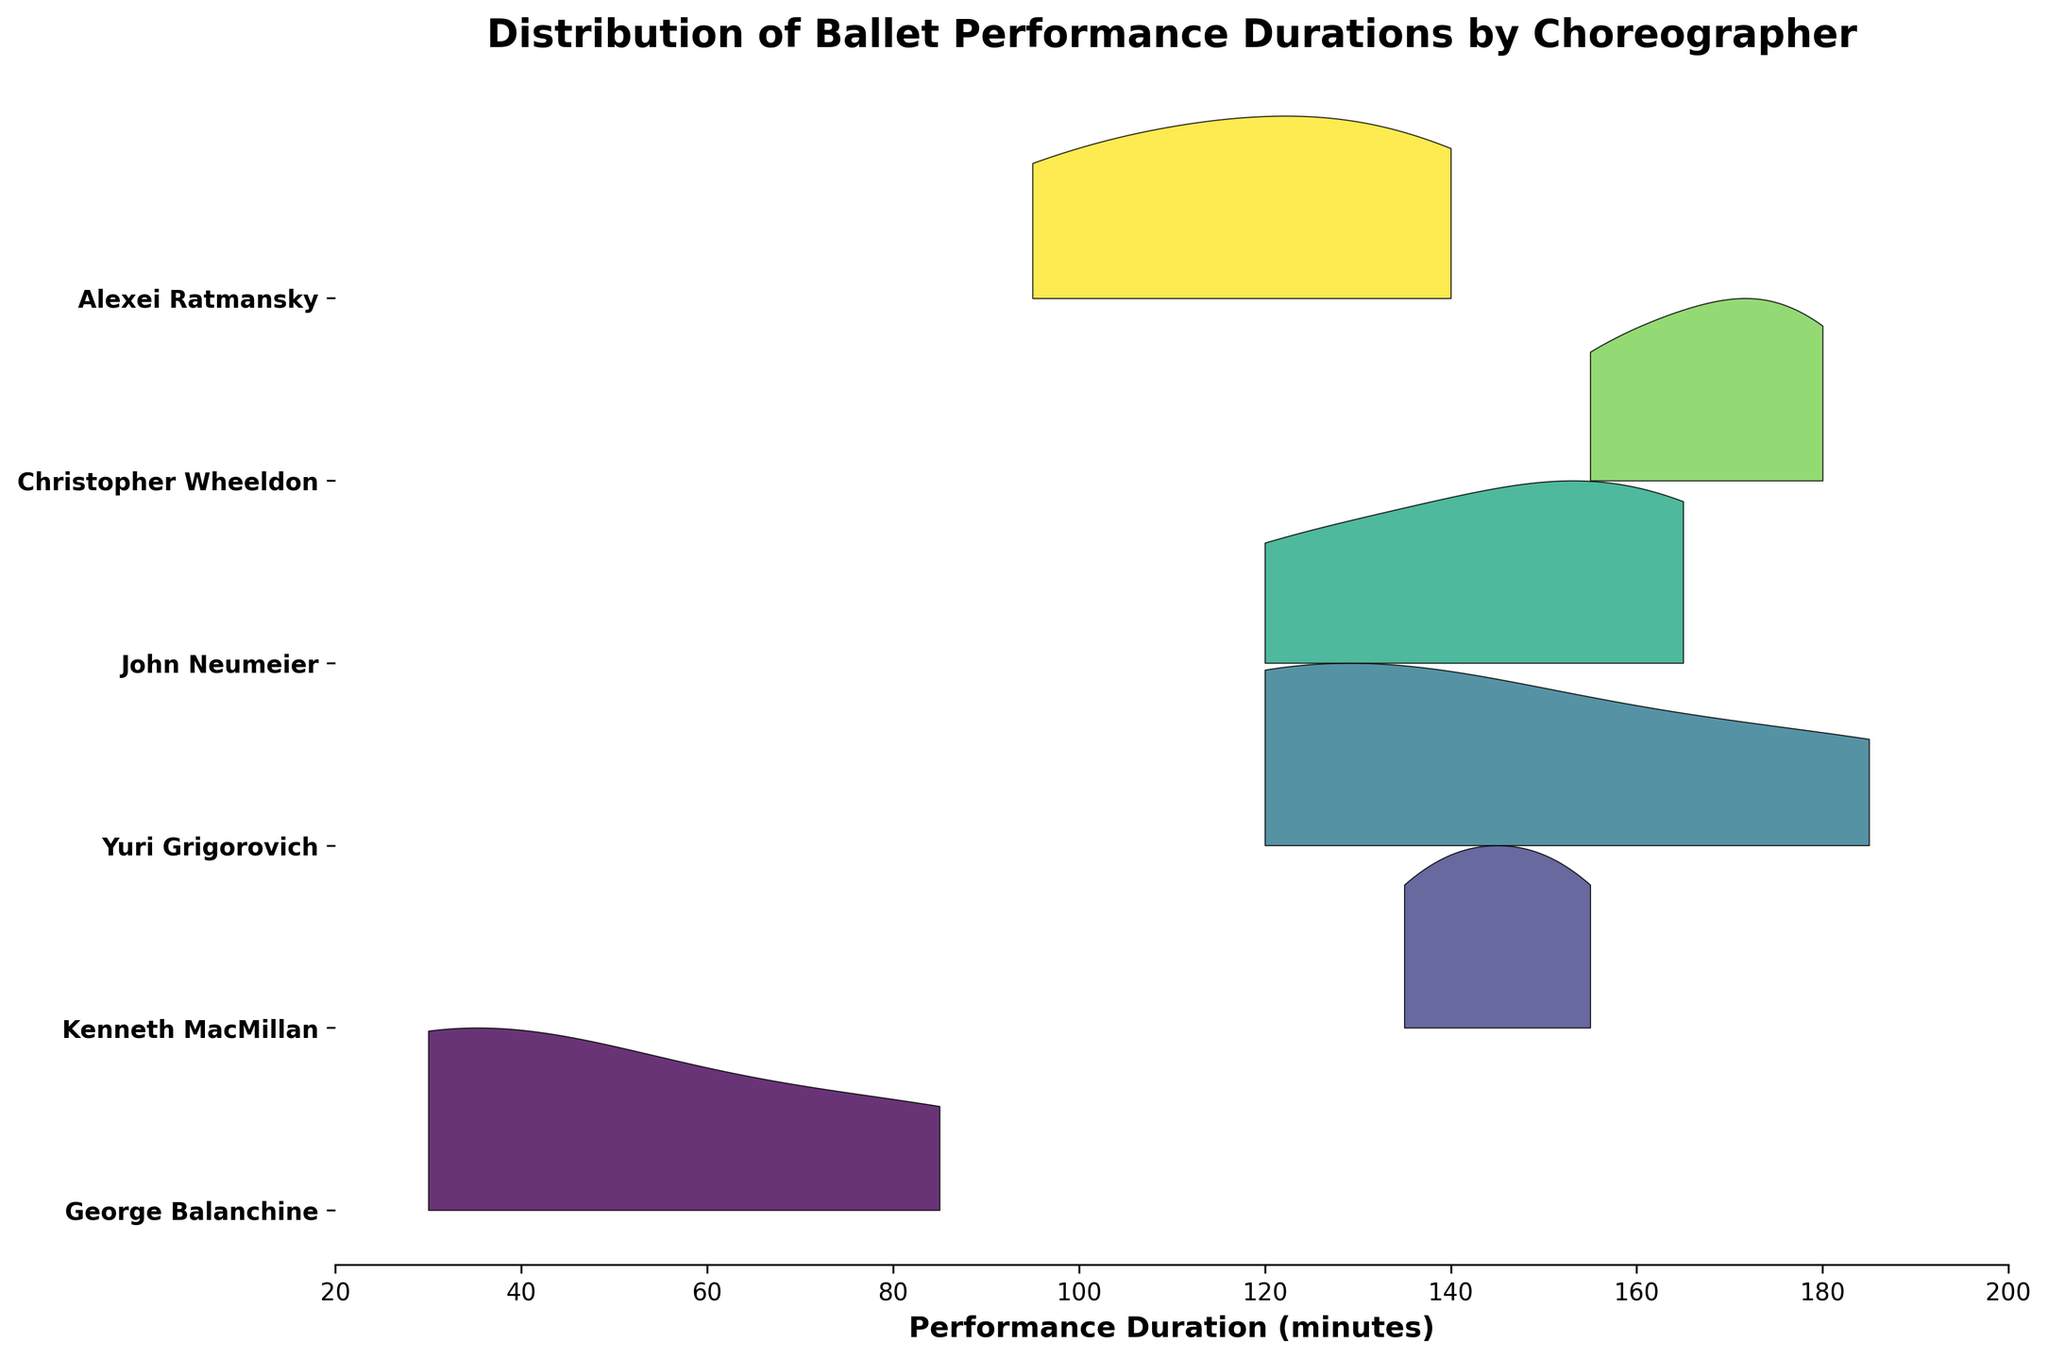What is the title of the plot? The title is usually displayed at the top of the plot. In this case, the title is given directly in the plot.
Answer: Distribution of Ballet Performance Durations by Choreographer Which choreographer has the longest performance duration? From the plot, find the highest maximum duration on the x-axis. The one with the peak furthest to the right usually indicates the longest performance. The longest duration appears with Christopher Wheeldon.
Answer: Christopher Wheeldon What is the range of performance durations covered in the plot? The x-axis displays the range of performance durations. The plot sets the x-axis limits from 20 to 200 minutes.
Answer: 20 to 200 minutes Which choreographer has the performance with the shortest duration? The shortest duration can be found by identifying the leftmost peak in the plot. George Balanchine has the shortest performance duration.
Answer: George Balanchine How many choreographers are compared in the plot? The plot shows different ridgelines, each representing a different choreographer. Counting the unique names on the y-axis labels will give the answer.
Answer: 6 Which two choreographers have a significant overlap in their performance durations? To determine overlap, look for regions where the ridgelines of two choreographers intersect or share similar values. Alexei Ratmansky and John Neumeier have overlapping distributions.
Answer: Alexei Ratmansky and John Neumeier What is the shortest performance duration for George Balanchine? Find the leftmost peak in the ridgeline associated with George Balanchine. The duration at this peak represents the shortest performance.
Answer: 30 minutes Which choreographer's performances are generally the shortest in duration? Examine the overall shape and leftmost limits of the ridgelines. George Balanchine's ridgeline is primarily towards the left, indicating shorter durations overall.
Answer: George Balanchine For John Neumeier, what is the max duration of his performances? Look at the rightmost peak of John Neumeier's ridgeline. The corresponding x-axis value is the maximum duration of his performances.
Answer: 165 minutes How does the spread of Yuri Grigorovich's performance durations compare to Kenneth MacMillan's? Analyze the width of their respective ridgelines. A wider ridgeline indicates a broader spread. Kenneth MacMillan's performances have a wider spread compared to Yuri Grigorovich's.
Answer: Kenneth MacMillan has a wider spread 
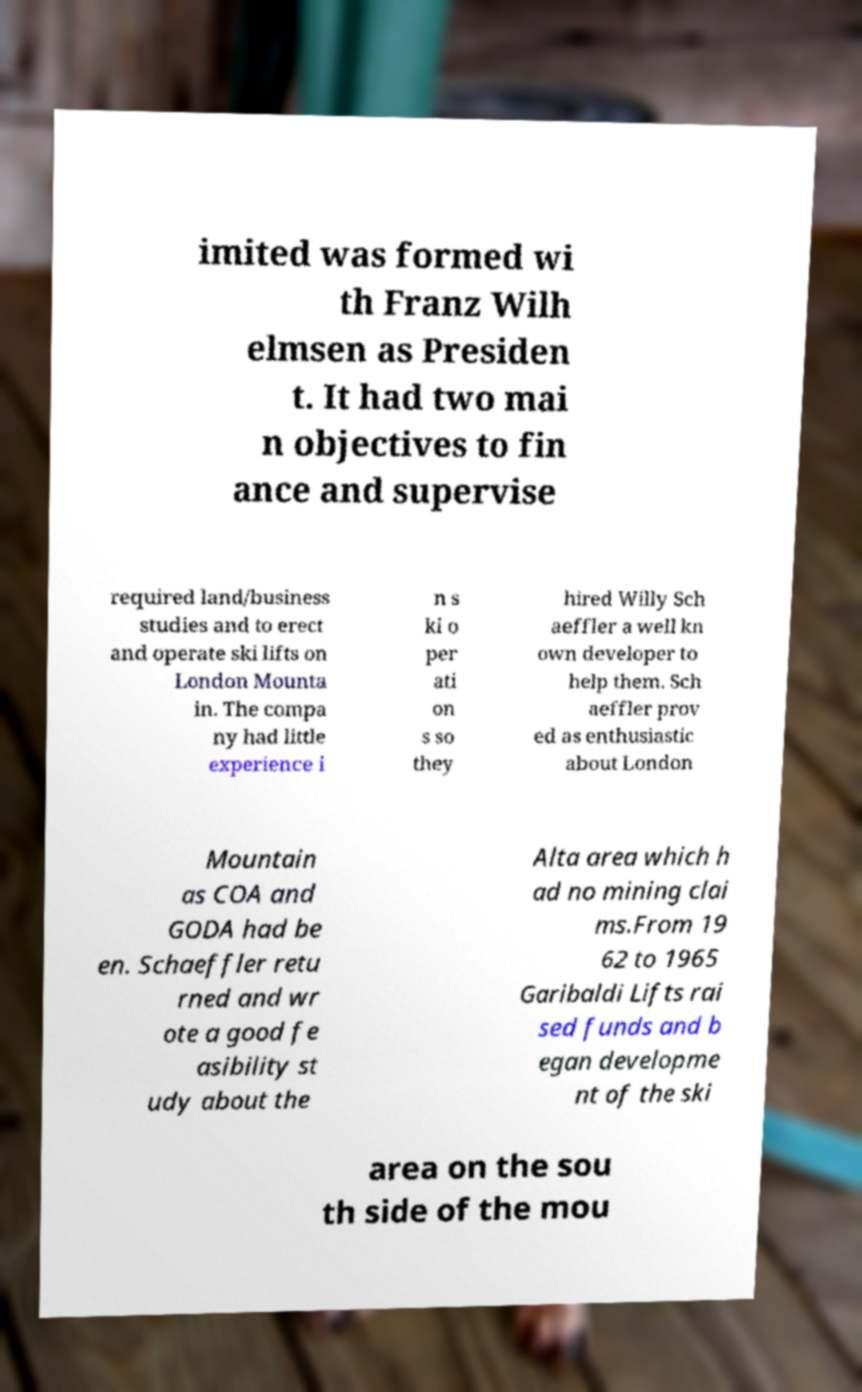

*Exercise directions*. Determine how many lines of the material hold the string "leftmost", and state that number by itself.

*Finished exercise*. 3